Source NASA: NASA, the National Reconnaissance Office (NRO) and the U.S. Air Force signed an agreement this week to establish clear criteria for certification of commercial providers of launch vehicles used for national security space and civil space missions. The U.S. government is committed to procuring commercial launch services for its satellite and robotic missions, including Evolved Expendable Launch Vehicle, or EELV, launches. The new entrant launch vehicle certification strategy is the latest step in a cooperative effort by the Air Force, NASA and NRO to take advantage of new launch capability for the three agencies’ missions. The agencies previously signed a Letter of Intent in October 2010, signaling their collaboration on launch requirements. A memorandum of understanding was signed in March, outlining their plans for future EELV-class launch vehicle acquisition, including the need for a coordinated strategy for certification of new entrant launch systems.
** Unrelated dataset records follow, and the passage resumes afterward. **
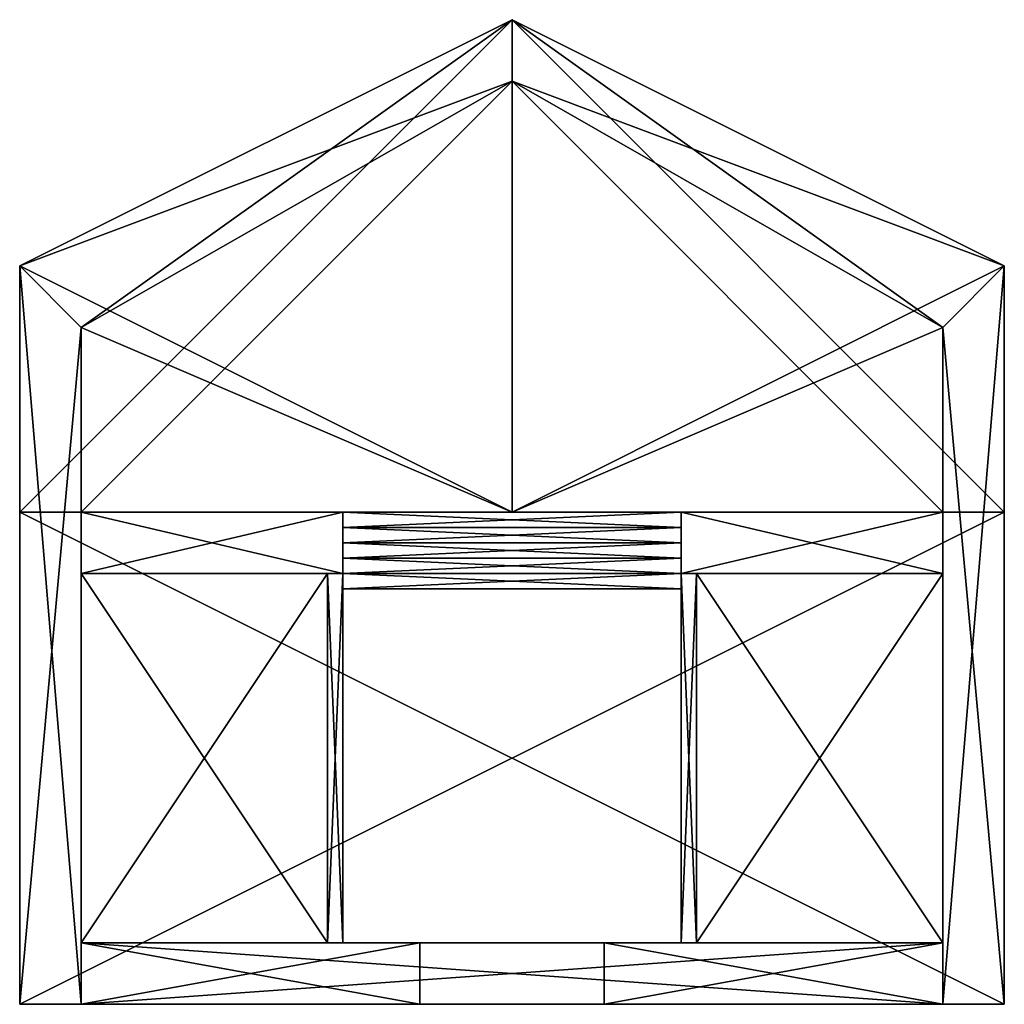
# Model space of a CAD drawing. Extents: x -256 to 256, y -256 to 256.
import ezdxf

# ---------------------------------------------------------------- set-up
doc = ezdxf.new("R2010")
doc.units = 0

msp = doc.modelspace()

# ---------------------------------------------------------------- meshes
at = {"layer": 'OBJECT000', "color": 50}
mesh = msp.add_polyface(dxfattribs=at)
corners = [(-256, 0, -96), (256, 0, -96), (256, -256, -96), (-256, -256, -96), (-256, -256, -160), (256, -256, -160), (256, 0, -160), (-256, 0, -160)]
mesh.append_faces([[corners[k] for k in face] for face in [(1, 3, 0), (5, 7, 4), (3, 7, 0), (5, 1, 6), (0, 6, 1), (4, 2, 5)]], dxfattribs={"vtx0": -1})
mesh.append_faces([[corners[k] for k in face] for face in [(1, 2, 3), (5, 6, 7), (3, 4, 7), (5, 2, 1), (0, 7, 6), (4, 3, 2)]], dxfattribs={"vtx2": -1})
at = {"layer": 'OBJECT001', "color": 50}
mesh = msp.add_polyface(dxfattribs=at)
corners = [(0, 0, -96), (-256, 0, -96), (-256, 128, -96), (0, 256, -96), (0, 256, -160), (-256, 128, -160), (-256, 0, -160), (0, 0, -160)]
mesh.append_faces([[corners[k] for k in face] for face in [(1, 3, 0), (5, 7, 4), (5, 1, 6), (3, 7, 0), (4, 2, 5), (0, 6, 1)]], dxfattribs={"vtx0": -1})
mesh.append_faces([[corners[k] for k in face] for face in [(1, 2, 3), (5, 6, 7), (5, 2, 1), (3, 4, 7), (4, 3, 2), (0, 7, 6)]], dxfattribs={"vtx2": -1})
at = {"layer": 'OBJECT002', "color": 50}
mesh = msp.add_polyface(dxfattribs=at)
corners = [(256, 0, -96), (0, 0, -96), (0, 256, -96), (256, 128, -96), (256, 128, -160), (0, 256, -160), (0, 0, -160), (256, 0, -160)]
mesh.append_faces([[corners[k] for k in face] for face in [(1, 3, 0), (5, 7, 4), (5, 1, 6), (3, 7, 0), (4, 2, 5), (0, 6, 1)]], dxfattribs={"vtx0": -1})
mesh.append_faces([[corners[k] for k in face] for face in [(1, 2, 3), (5, 6, 7), (5, 2, 1), (3, 4, 7), (4, 3, 2), (0, 7, 6)]], dxfattribs={"vtx2": -1})
at = {"layer": 'OBJECT003', "color": 50}
mesh = msp.add_polyface(dxfattribs=at)
corners = [(-256, 0, 160), (256, 0, 160), (256, -256, 160), (-256, -256, 160), (-256, -256, 96), (256, -256, 96), (256, 0, 96), (-256, 0, 96)]
mesh.append_faces([[corners[k] for k in face] for face in [(1, 3, 0), (5, 7, 4), (3, 7, 0), (5, 1, 6), (0, 6, 1), (4, 2, 5)]], dxfattribs={"vtx0": -1})
mesh.append_faces([[corners[k] for k in face] for face in [(1, 2, 3), (5, 6, 7), (3, 4, 7), (5, 2, 1), (0, 7, 6), (4, 3, 2)]], dxfattribs={"vtx2": -1})
at = {"layer": 'OBJECT004', "color": 50}
mesh = msp.add_polyface(dxfattribs=at)
corners = [(0, 0, 160), (-256, 0, 160), (-256, 128, 160), (0, 256, 160), (0, 256, 96), (-256, 128, 96), (-256, 0, 96), (0, 0, 96)]
mesh.append_faces([[corners[k] for k in face] for face in [(1, 3, 0), (5, 7, 4), (5, 1, 6), (3, 7, 0), (4, 2, 5), (0, 6, 1)]], dxfattribs={"vtx0": -1})
mesh.append_faces([[corners[k] for k in face] for face in [(1, 2, 3), (5, 6, 7), (5, 2, 1), (3, 4, 7), (4, 3, 2), (0, 7, 6)]], dxfattribs={"vtx2": -1})
at = {"layer": 'OBJECT005', "color": 50}
mesh = msp.add_polyface(dxfattribs=at)
corners = [(256, 0, 160), (0, 0, 160), (0, 256, 160), (256, 128, 160), (256, 128, 96), (0, 256, 96), (0, 0, 96), (256, 0, 96)]
mesh.append_faces([[corners[k] for k in face] for face in [(1, 3, 0), (5, 7, 4), (5, 1, 6), (3, 7, 0), (4, 2, 5), (0, 6, 1)]], dxfattribs={"vtx0": -1})
mesh.append_faces([[corners[k] for k in face] for face in [(1, 2, 3), (5, 6, 7), (5, 2, 1), (3, 4, 7), (4, 3, 2), (0, 7, 6)]], dxfattribs={"vtx2": -1})
at = {"layer": 'OBJECT006', "color": 50}
mesh = msp.add_polyface(dxfattribs=at)
corners = [(-224, 96, 96), (-224, -256, 96), (-256, -256, 96), (-256, 128, 96), (-224, -256, -96), (-224, 96, -96), (-256, 128, -96), (-256, -256, -96)]
mesh.append_faces([[corners[k] for k in face] for face in [(1, 3, 0), (5, 7, 4), (7, 3, 2), (1, 5, 4), (6, 0, 3), (2, 4, 7)]], dxfattribs={"vtx0": -1})
mesh.append_faces([[corners[k] for k in face] for face in [(1, 2, 3), (5, 6, 7), (7, 6, 3), (1, 0, 5), (6, 5, 0), (2, 1, 4)]], dxfattribs={"vtx2": -1})
at = {"layer": 'OBJECT007', "color": 50}
mesh = msp.add_polyface(dxfattribs=at)
corners = [(256, 128, 96), (256, -256, 96), (224, -256, 96), (224, 96, 96), (256, -256, -96), (256, 128, -96), (224, 96, -96), (224, -256, -96)]
mesh.append_faces([[corners[k] for k in face] for face in [(1, 3, 0), (5, 7, 4), (7, 3, 2), (1, 5, 4), (6, 0, 3), (2, 4, 7)]], dxfattribs={"vtx0": -1})
mesh.append_faces([[corners[k] for k in face] for face in [(1, 2, 3), (5, 6, 7), (7, 6, 3), (1, 0, 5), (6, 5, 0), (2, 1, 4)]], dxfattribs={"vtx2": -1})
at = {"layer": 'OBJECT008', "color": 50}
mesh = msp.add_polyface(dxfattribs=at)
corners = [(0, 224, 96), (-224, 96, 96), (-256, 128, 96), (0, 256, 96), (0, 256, -96), (-256, 128, -96), (-224, 96, -96), (0, 224, -96)]
mesh.append_faces([[corners[k] for k in face] for face in [(1, 3, 0), (5, 7, 4), (5, 1, 6), (3, 7, 0), (4, 2, 5), (0, 6, 1)]], dxfattribs={"vtx0": -1})
mesh.append_faces([[corners[k] for k in face] for face in [(1, 2, 3), (5, 6, 7), (5, 2, 1), (3, 4, 7), (4, 3, 2), (0, 7, 6)]], dxfattribs={"vtx2": -1})
at = {"layer": 'OBJECT009', "color": 50}
mesh = msp.add_polyface(dxfattribs=at)
corners = [(224, 96, 96), (0, 224, 96), (0, 256, 96), (256, 128, 96), (256, 128, -96), (0, 256, -96), (0, 224, -96), (224, 96, -96)]
mesh.append_faces([[corners[k] for k in face] for face in [(1, 3, 0), (5, 7, 4), (7, 3, 4), (1, 5, 2), (4, 2, 5), (0, 6, 1)]], dxfattribs={"vtx0": -1})
mesh.append_faces([[corners[k] for k in face] for face in [(1, 2, 3), (5, 6, 7), (7, 0, 3), (1, 6, 5), (4, 3, 2), (0, 7, 6)]], dxfattribs={"vtx2": -1})
at = {"layer": 'OBJECT010', "color": 50}
mesh = msp.add_polyface(dxfattribs=at)
corners = [(-224, -224, 96), (224, -224, 96), (224, -256, 96), (-224, -256, 96), (-224, -256), (224, -256), (224, -224), (-224, -224)]
mesh.append_faces([[corners[k] for k in face] for face in [(1, 3, 0), (5, 7, 4), (3, 7, 0), (5, 1, 6), (0, 6, 1), (4, 2, 5)]], dxfattribs={"vtx0": -1})
mesh.append_faces([[corners[k] for k in face] for face in [(1, 2, 3), (5, 6, 7), (3, 4, 7), (5, 2, 1), (0, 7, 6), (4, 3, 2)]], dxfattribs={"vtx2": -1})
at = {"layer": 'OBJECT011', "color": 50}
mesh = msp.add_polyface(dxfattribs=at)
corners = [(-224, -224), (-48, -224), (-48, -256), (-224, -256), (-224, -256, -96), (-48, -256, -96), (-48, -224, -96), (-224, -224, -96)]
mesh.append_faces([[corners[k] for k in face] for face in [(1, 3, 0), (5, 7, 4), (3, 7, 0), (5, 1, 6), (0, 6, 1), (4, 2, 5)]], dxfattribs={"vtx0": -1})
mesh.append_faces([[corners[k] for k in face] for face in [(1, 2, 3), (5, 6, 7), (3, 4, 7), (5, 2, 1), (0, 7, 6), (4, 3, 2)]], dxfattribs={"vtx2": -1})
at = {"layer": 'OBJECT012', "color": 50}
mesh = msp.add_polyface(dxfattribs=at)
corners = [(48, -224), (224, -224), (224, -256), (48, -256), (48, -256, -96), (224, -256, -96), (224, -224, -96), (48, -224, -96)]
mesh.append_faces([[corners[k] for k in face] for face in [(1, 3, 0), (5, 7, 4), (3, 7, 0), (5, 1, 6), (0, 6, 1), (4, 2, 5)]], dxfattribs={"vtx0": -1})
mesh.append_faces([[corners[k] for k in face] for face in [(1, 2, 3), (5, 6, 7), (3, 4, 7), (5, 2, 1), (0, 7, 6), (4, 3, 2)]], dxfattribs={"vtx2": -1})
at = {"layer": 'OBJECT013', "color": 50}
mesh = msp.add_polyface(dxfattribs=at)
corners = [(-224, -32, -80), (-96, -32, -80), (-96, -224, -80), (-224, -224, -80), (-224, -224, -96), (-96, -224, -96), (-96, -32, -96), (-224, -32, -96)]
mesh.append_faces([[corners[k] for k in face] for face in [(1, 3, 0), (5, 7, 4), (3, 7, 0), (5, 1, 6), (0, 6, 1), (4, 2, 5)]], dxfattribs={"vtx0": -1})
mesh.append_faces([[corners[k] for k in face] for face in [(1, 2, 3), (5, 6, 7), (3, 4, 7), (5, 2, 1), (0, 7, 6), (4, 3, 2)]], dxfattribs={"vtx2": -1})
at = {"layer": 'OBJECT014', "color": 50}
mesh = msp.add_polyface(dxfattribs=at)
corners = [(96, -32, -80), (224, -32, -80), (224, -224, -80), (96, -224, -80), (96, -224, -96), (224, -224, -96), (224, -32, -96), (96, -32, -96)]
mesh.append_faces([[corners[k] for k in face] for face in [(1, 3, 0), (5, 7, 4), (3, 7, 0), (5, 1, 6), (0, 6, 1), (4, 2, 5)]], dxfattribs={"vtx0": -1})
mesh.append_faces([[corners[k] for k in face] for face in [(1, 2, 3), (5, 6, 7), (3, 4, 7), (5, 2, 1), (0, 7, 6), (4, 3, 2)]], dxfattribs={"vtx2": -1})
at = {"layer": 'OBJECT015', "color": 50}
mesh = msp.add_polyface(dxfattribs=at)
corners = [(-96, -32, -88), (-88, -32, -88), (-88, -224, -88), (-96, -224, -88), (-96, -224, -96), (-88, -224, -96), (-88, -32, -96), (-96, -32, -96)]
mesh.append_faces([[corners[k] for k in face] for face in [(1, 3, 0), (5, 7, 4), (3, 7, 0), (5, 1, 6), (0, 6, 1), (4, 2, 5)]], dxfattribs={"vtx0": -1})
mesh.append_faces([[corners[k] for k in face] for face in [(1, 2, 3), (5, 6, 7), (3, 4, 7), (5, 2, 1), (0, 7, 6), (4, 3, 2)]], dxfattribs={"vtx2": -1})
at = {"layer": 'OBJECT016', "color": 50}
mesh = msp.add_polyface(dxfattribs=at)
corners = [(88, -32, -88), (96, -32, -88), (96, -224, -88), (88, -224, -88), (88, -224, -96), (96, -224, -96), (96, -32, -96), (88, -32, -96)]
mesh.append_faces([[corners[k] for k in face] for face in [(1, 3, 0), (5, 7, 4), (3, 7, 0), (5, 1, 6), (0, 6, 1), (4, 2, 5)]], dxfattribs={"vtx0": -1})
mesh.append_faces([[corners[k] for k in face] for face in [(1, 2, 3), (5, 6, 7), (3, 4, 7), (5, 2, 1), (0, 7, 6), (4, 3, 2)]], dxfattribs={"vtx2": -1})
at = {"layer": 'OBJECT017', "color": 50}
mesh = msp.add_polyface(dxfattribs=at)
corners = [(-224, 0, -32), (-88, 0, -32), (-88, -32, -32), (-224, -32, -32), (-224, -32, -96), (-88, -32, -96), (-88, 0, -96), (-224, 0, -96)]
mesh.append_faces([[corners[k] for k in face] for face in [(1, 3, 0), (5, 7, 4), (3, 7, 0), (5, 1, 6), (0, 6, 1), (4, 2, 5)]], dxfattribs={"vtx0": -1})
mesh.append_faces([[corners[k] for k in face] for face in [(1, 2, 3), (5, 6, 7), (3, 4, 7), (5, 2, 1), (0, 7, 6), (4, 3, 2)]], dxfattribs={"vtx2": -1})
at = {"layer": 'OBJECT018', "color": 50}
mesh = msp.add_polyface(dxfattribs=at)
corners = [(88, 0, -32), (224, 0, -32), (224, -32, -32), (88, -32, -32), (88, -32, -96), (224, -32, -96), (224, 0, -96), (88, 0, -96)]
mesh.append_faces([[corners[k] for k in face] for face in [(1, 3, 0), (5, 7, 4), (3, 7, 0), (5, 1, 6), (0, 6, 1), (4, 2, 5)]], dxfattribs={"vtx0": -1})
mesh.append_faces([[corners[k] for k in face] for face in [(1, 2, 3), (5, 6, 7), (3, 4, 7), (5, 2, 1), (0, 7, 6), (4, 3, 2)]], dxfattribs={"vtx2": -1})
at = {"layer": 'OBJECT019', "color": 50}
mesh = msp.add_polyface(dxfattribs=at)
corners = [(-88, -32, -88), (88, -32, -88), (88, -40, -88), (-88, -40, -88), (-88, -40, -96), (88, -40, -96), (88, -32, -96), (-88, -32, -96)]
mesh.append_faces([[corners[k] for k in face] for face in [(1, 3, 0), (5, 7, 4), (3, 7, 0), (5, 1, 6), (0, 6, 1), (4, 2, 5)]], dxfattribs={"vtx0": -1})
mesh.append_faces([[corners[k] for k in face] for face in [(1, 2, 3), (5, 6, 7), (3, 4, 7), (5, 2, 1), (0, 7, 6), (4, 3, 2)]], dxfattribs={"vtx2": -1})
at = {"layer": 'OBJECT020', "color": 50}
mesh = msp.add_polyface(dxfattribs=at)
corners = [(-88, -24, -80), (88, -24, -80), (88, -32, -80), (-88, -32, -80), (-88, -32, -96), (88, -32, -96), (88, -24, -96), (-88, -24, -96)]
mesh.append_faces([[corners[k] for k in face] for face in [(1, 3, 0), (5, 7, 4), (3, 7, 0), (5, 1, 6), (0, 6, 1), (4, 2, 5)]], dxfattribs={"vtx0": -1})
mesh.append_faces([[corners[k] for k in face] for face in [(1, 2, 3), (5, 6, 7), (3, 4, 7), (5, 2, 1), (0, 7, 6), (4, 3, 2)]], dxfattribs={"vtx2": -1})
at = {"layer": 'OBJECT021', "color": 50}
mesh = msp.add_polyface(dxfattribs=at)
corners = [(-88, -16, -72), (88, -16, -72), (88, -24, -72), (-88, -24, -72), (-88, -24, -96), (88, -24, -96), (88, -16, -96), (-88, -16, -96)]
mesh.append_faces([[corners[k] for k in face] for face in [(1, 3, 0), (5, 7, 4), (3, 7, 0), (5, 1, 6), (0, 6, 1), (4, 2, 5)]], dxfattribs={"vtx0": -1})
mesh.append_faces([[corners[k] for k in face] for face in [(1, 2, 3), (5, 6, 7), (3, 4, 7), (5, 2, 1), (0, 7, 6), (4, 3, 2)]], dxfattribs={"vtx2": -1})
at = {"layer": 'OBJECT022', "color": 50}
mesh = msp.add_polyface(dxfattribs=at)
corners = [(-88, -8, -64), (88, -8, -64), (88, -16, -64), (-88, -16, -64), (-88, -16, -96), (88, -16, -96), (88, -8, -96), (-88, -8, -96)]
mesh.append_faces([[corners[k] for k in face] for face in [(1, 3, 0), (5, 7, 4), (3, 7, 0), (5, 1, 6), (0, 6, 1), (4, 2, 5)]], dxfattribs={"vtx0": -1})
mesh.append_faces([[corners[k] for k in face] for face in [(1, 2, 3), (5, 6, 7), (3, 4, 7), (5, 2, 1), (0, 7, 6), (4, 3, 2)]], dxfattribs={"vtx2": -1})
at = {"layer": 'OBJECT023', "color": 50}
mesh = msp.add_polyface(dxfattribs=at)
corners = [(-88, 0, -56), (88, 0, -56), (88, -8, -56), (-88, -8, -56), (-88, -8, -96), (88, -8, -96), (88, 0, -96), (-88, 0, -96)]
mesh.append_faces([[corners[k] for k in face] for face in [(1, 3, 0), (5, 7, 4), (3, 7, 0), (5, 1, 6), (0, 6, 1), (4, 2, 5)]], dxfattribs={"vtx0": -1})
mesh.append_faces([[corners[k] for k in face] for face in [(1, 2, 3), (5, 6, 7), (3, 4, 7), (5, 2, 1), (0, 7, 6), (4, 3, 2)]], dxfattribs={"vtx2": -1})
at = {"layer": 'OBJECT024', "color": 50}
mesh = msp.add_polyface(dxfattribs=at)
corners = [(0, 224, -48), (0, 0, -48), (-224, 0, -48), (-224, 96, -48), (0, 0, -96), (0, 224, -96), (-224, 96, -96), (-224, 0, -96)]
mesh.append_faces([[corners[k] for k in face] for face in [(1, 3, 0), (5, 7, 4), (7, 3, 2), (1, 5, 4), (6, 0, 3), (2, 4, 7)]], dxfattribs={"vtx0": -1})
mesh.append_faces([[corners[k] for k in face] for face in [(1, 2, 3), (5, 6, 7), (7, 6, 3), (1, 0, 5), (6, 5, 0), (2, 1, 4)]], dxfattribs={"vtx2": -1})
at = {"layer": 'OBJECT025', "color": 50}
mesh = msp.add_polyface(dxfattribs=at)
corners = [(224, 96, -48), (224, 0, -48), (0, 0, -48), (0, 224, -48), (224, 0, -96), (224, 96, -96), (0, 224, -96), (0, 0, -96)]
mesh.append_faces([[corners[k] for k in face] for face in [(1, 3, 0), (5, 7, 4), (5, 1, 0), (3, 7, 6), (6, 0, 3), (2, 4, 7)]], dxfattribs={"vtx0": -1})
mesh.append_faces([[corners[k] for k in face] for face in [(1, 2, 3), (5, 6, 7), (5, 4, 1), (3, 2, 7), (6, 5, 0), (2, 1, 4)]], dxfattribs={"vtx2": -1})

doc.saveas('drawing.dxf')

The basis of the new strategy comes from NASA’s existing policy directive for launch vehicle risk mitigation. It also recognizes that mission-unique requirements from each of the three agencies may result in different certification approaches to mitigate launch risk. The document provides a common framework and language among the agencies for communicating expectations to new launch service providers. The risk-based certification framework allows the agencies to consider both the cost and risk tolerance of the payload and their confidence in the launch vehicle. For payloads with higher risk tolerance, the agencies may consider use of launch vehicles with a higher risk category rating and provide an opportunity for new commercial providers to gain experience launching government payloads. Within a given risk category rating, if new entrants have launch vehicles with a demonstrated successful flight history, then the government may require less technical evaluation for non-recurring certification of the new launch system. This new strategy further enables competition from emerging, commercially developed launch capabilities for future Air Force, NASA, and NRO missions. Originally published on NASA website on October 14, 2011.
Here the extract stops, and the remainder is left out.